In the cowboy chords exercise (level 4) you’ll play the main chords to the song: Am, C, D, F, and G. There’s a lot of down-up strumming in this song, so try to focus on feeling the pulse to help you stay in stay – down on the down-beats, up in-between.
In the full melody exercise (level 4) you’ll play the full vocal melody, along with some instrumental guitar melodies. It’s all in the first 3 frets, but look out for the string skips, and syncopated (off-beat) rhythms.
In the full rhythm exercise (level 6) you’ll play the original iconic guitar part. It combines some broken-chord arpeggios in the verse and bass-strum technique in the chorus. In both cases, it’s best to hold the full chord with your fretting hand and pick the appropriate strings.
Hurt for Ukulele
by: Vellu Halkosalmi, Music Education Designer for Bass and Ukulele
In the melody exercise (level 2) you will be playing the lead vocal melody in 2nd fretting position (your index finger fretting notes on the 2nd fret). The melody is quite slow-paced, so it’s a good practice to get a full, round tone out of each and every note you play.
The chords exercise (level 4) has all the chords of the song paired with some nice down & up strumming. Focus on smooth chord changes with your fretting hand, and clean-cut strums with your strumming hand. Also, pay attention to the sound you get when you strum the strings. When you get it right, downstrums and upstrums should sound very similar.

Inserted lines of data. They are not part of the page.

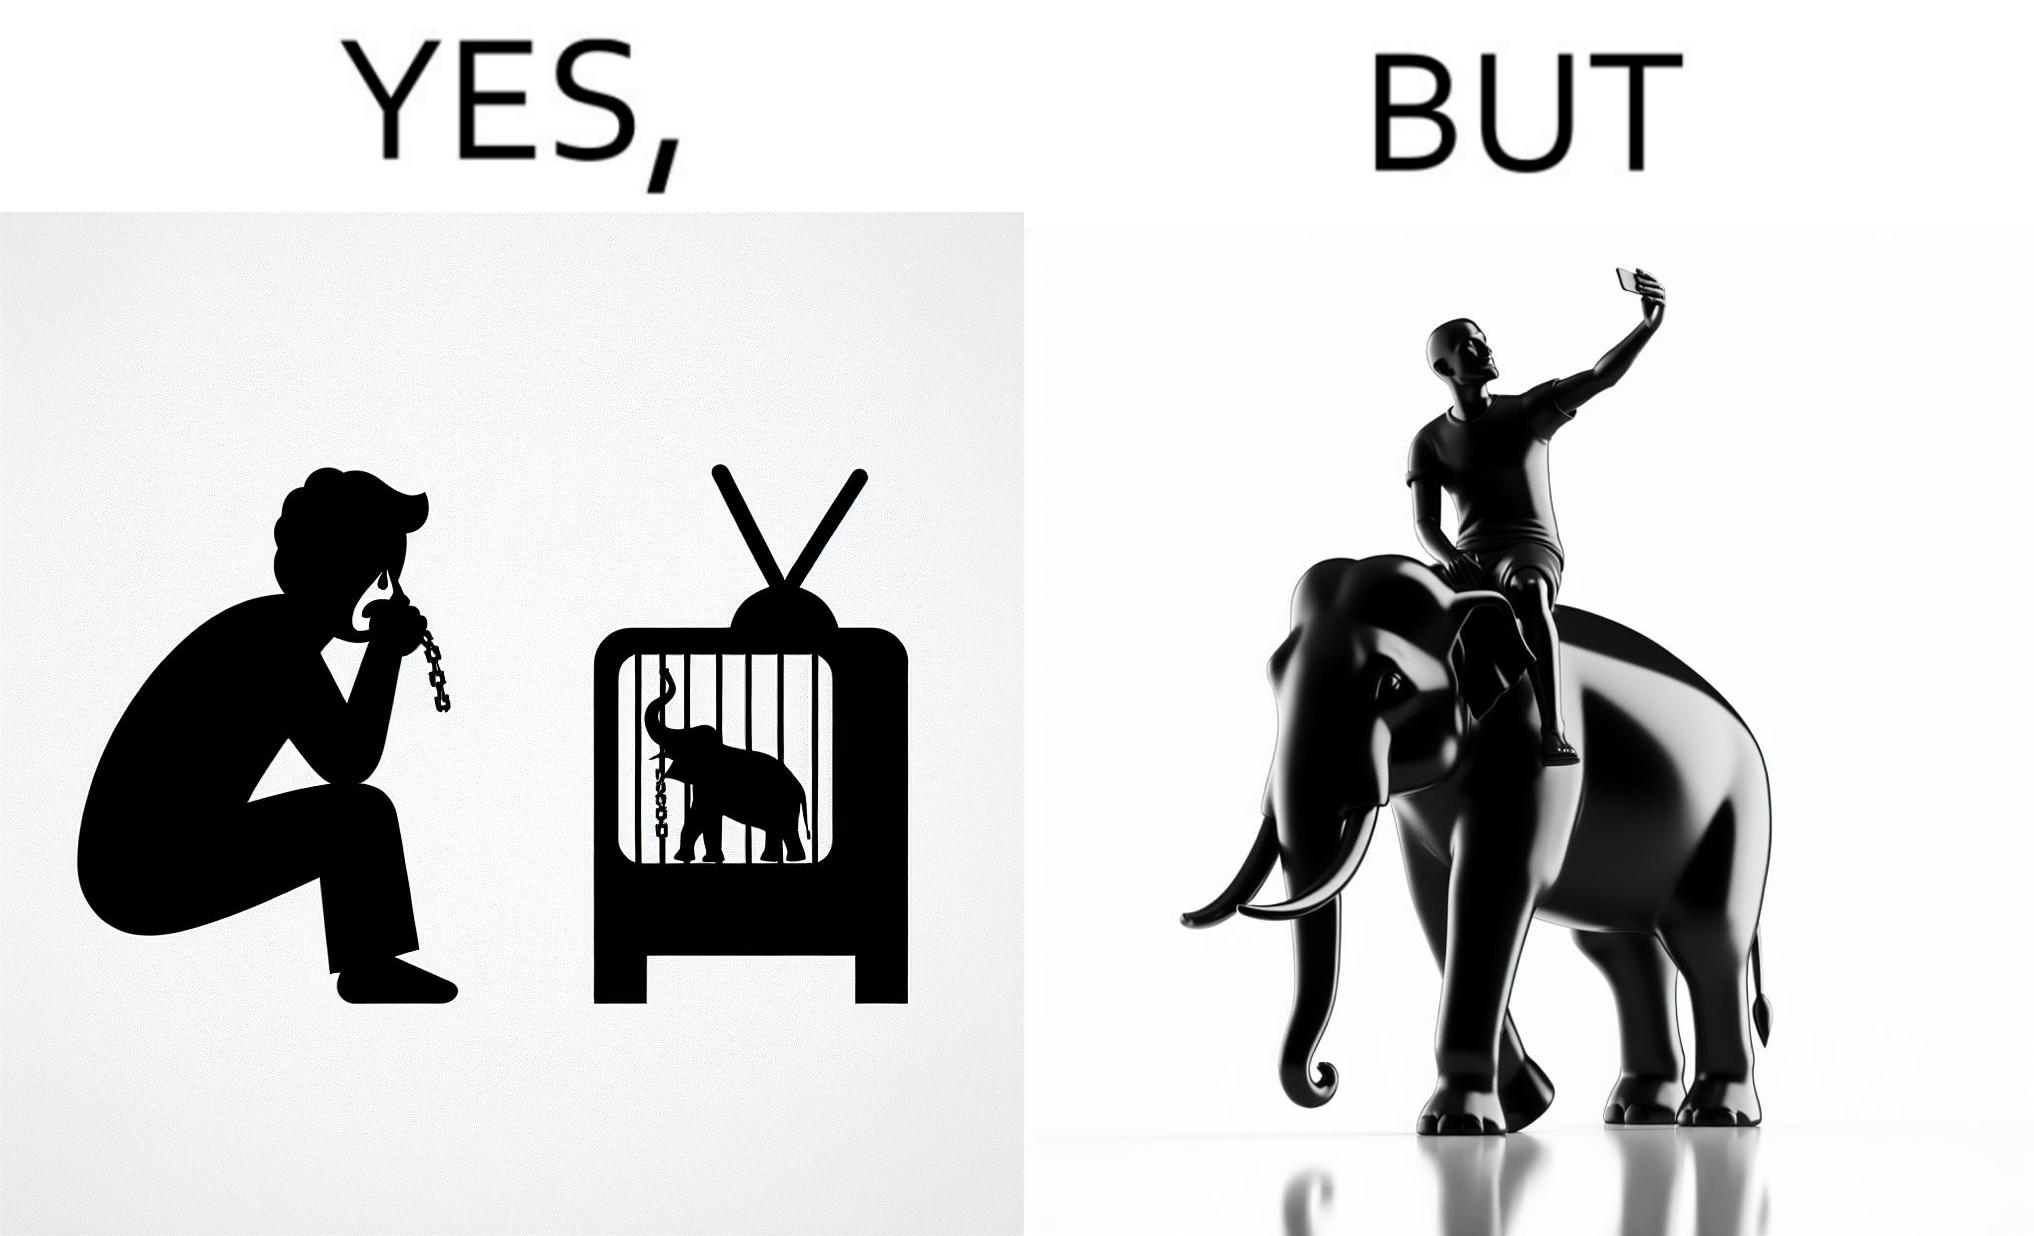Explain the humor or irony in this image. The image is ironic, because the people who get sentimental over imprisoned animal while watching TV shows often feel okay when using animals for labor 
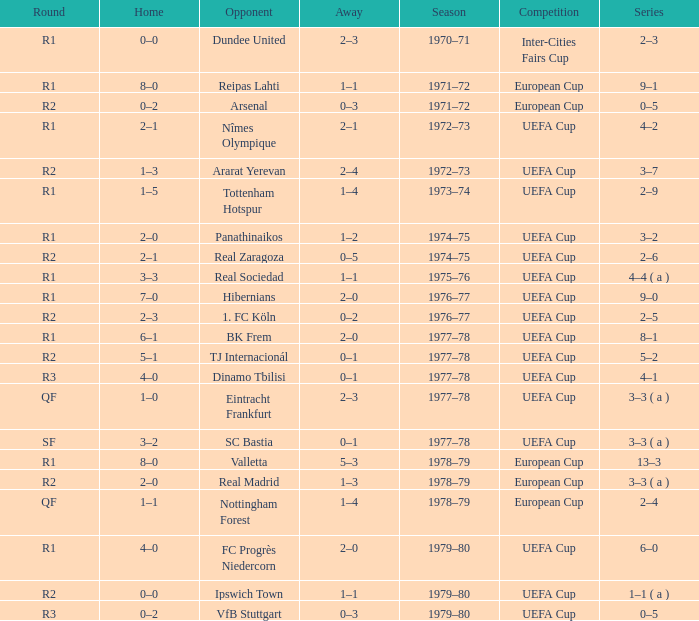Which Season has an Opponent of hibernians? 1976–77. 
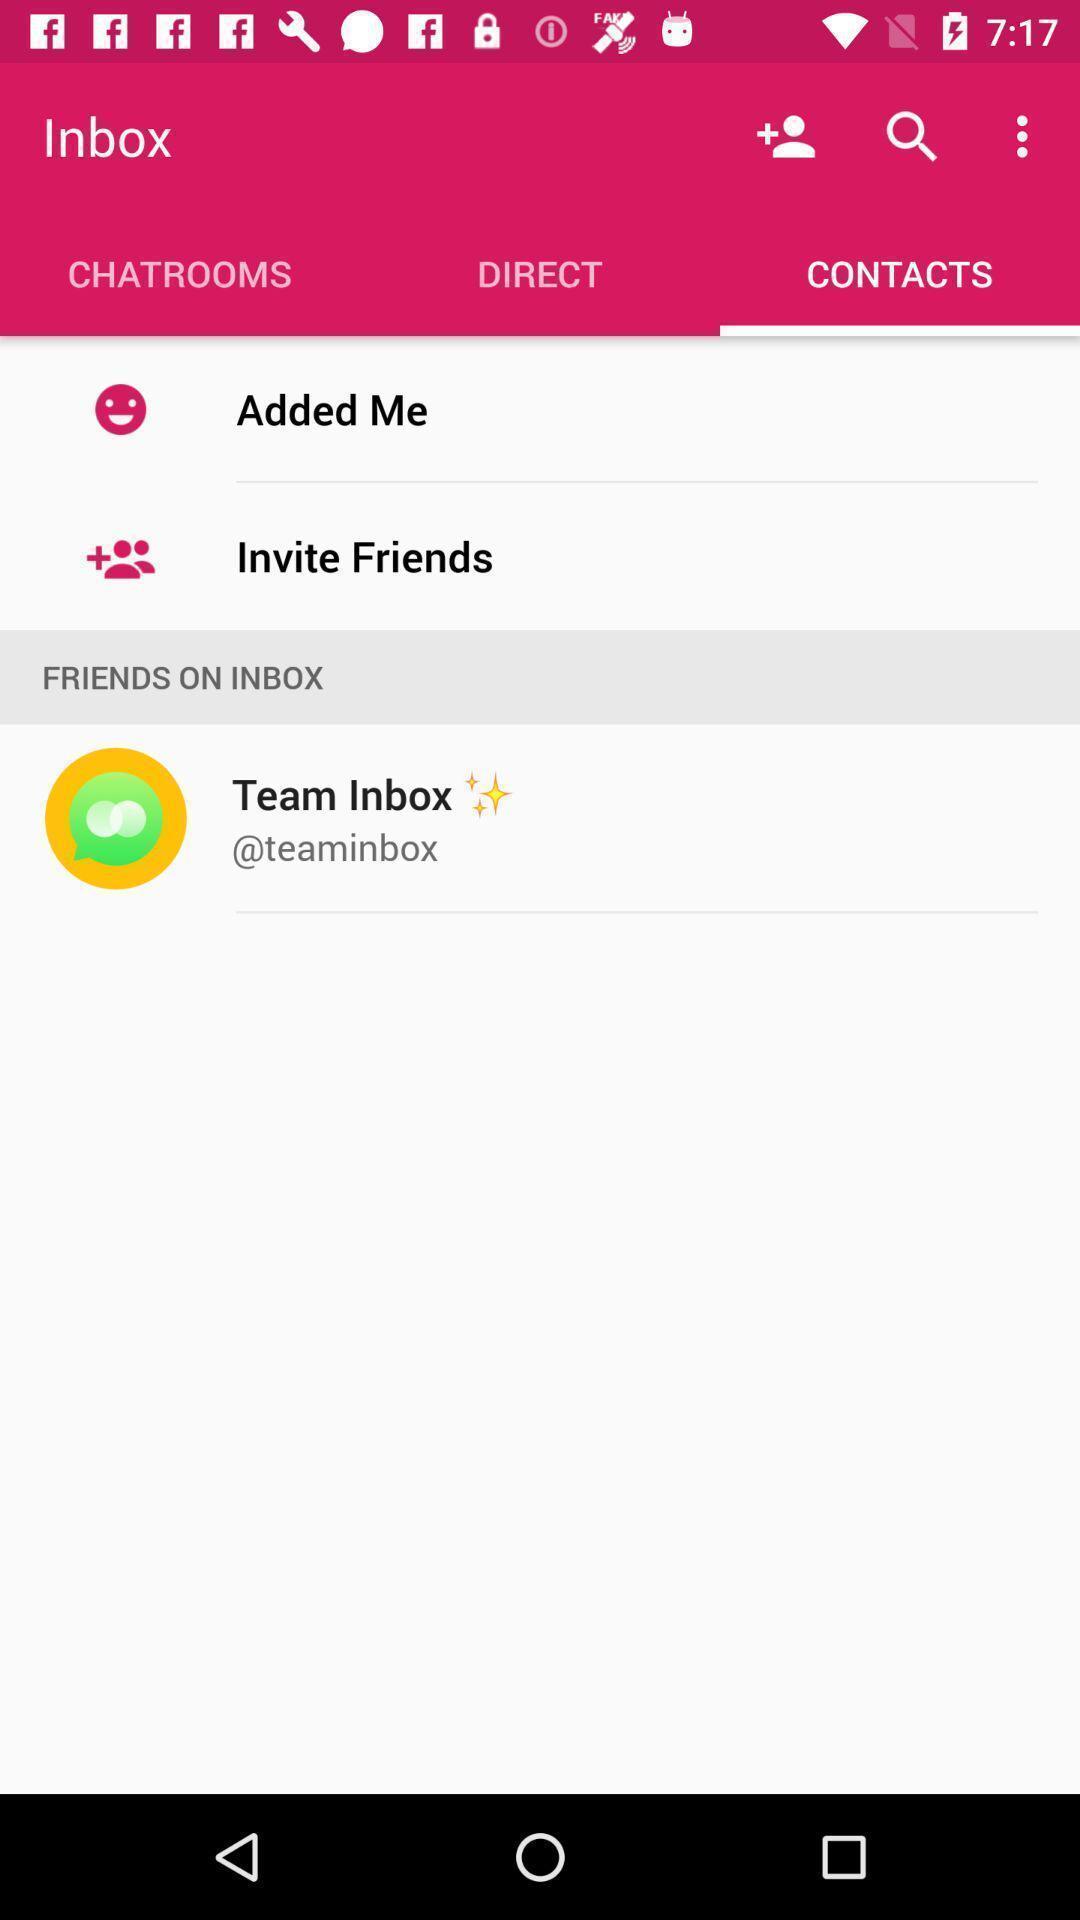Describe the content in this image. Page is showing contacts and friends on inbox. 
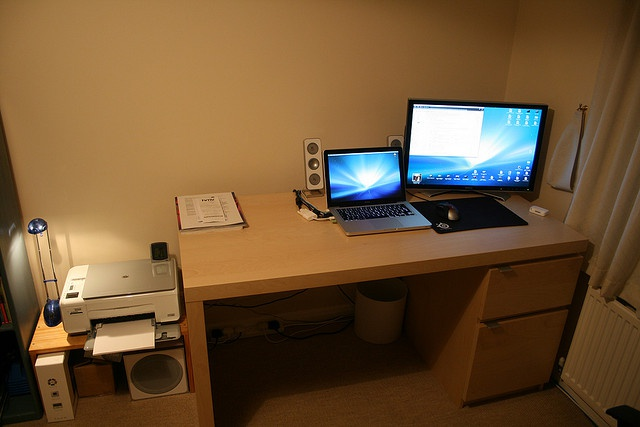Describe the objects in this image and their specific colors. I can see tv in olive, white, black, and lightblue tones, laptop in olive, black, gray, and lightblue tones, book in olive, tan, gray, and maroon tones, and mouse in olive, black, maroon, and gray tones in this image.

The fingerpicking exercise (level 6) covers the chords with a couple of very useful picking patterns. Pay attention to fingerings for maximum economy of movement with the fretting hand. You will get the best consistency of sound and timing with your plucking hand if you play the top G string always with your thumb, the next string with your index finger and so on, so that the bottom A string gets always played with your ring finger.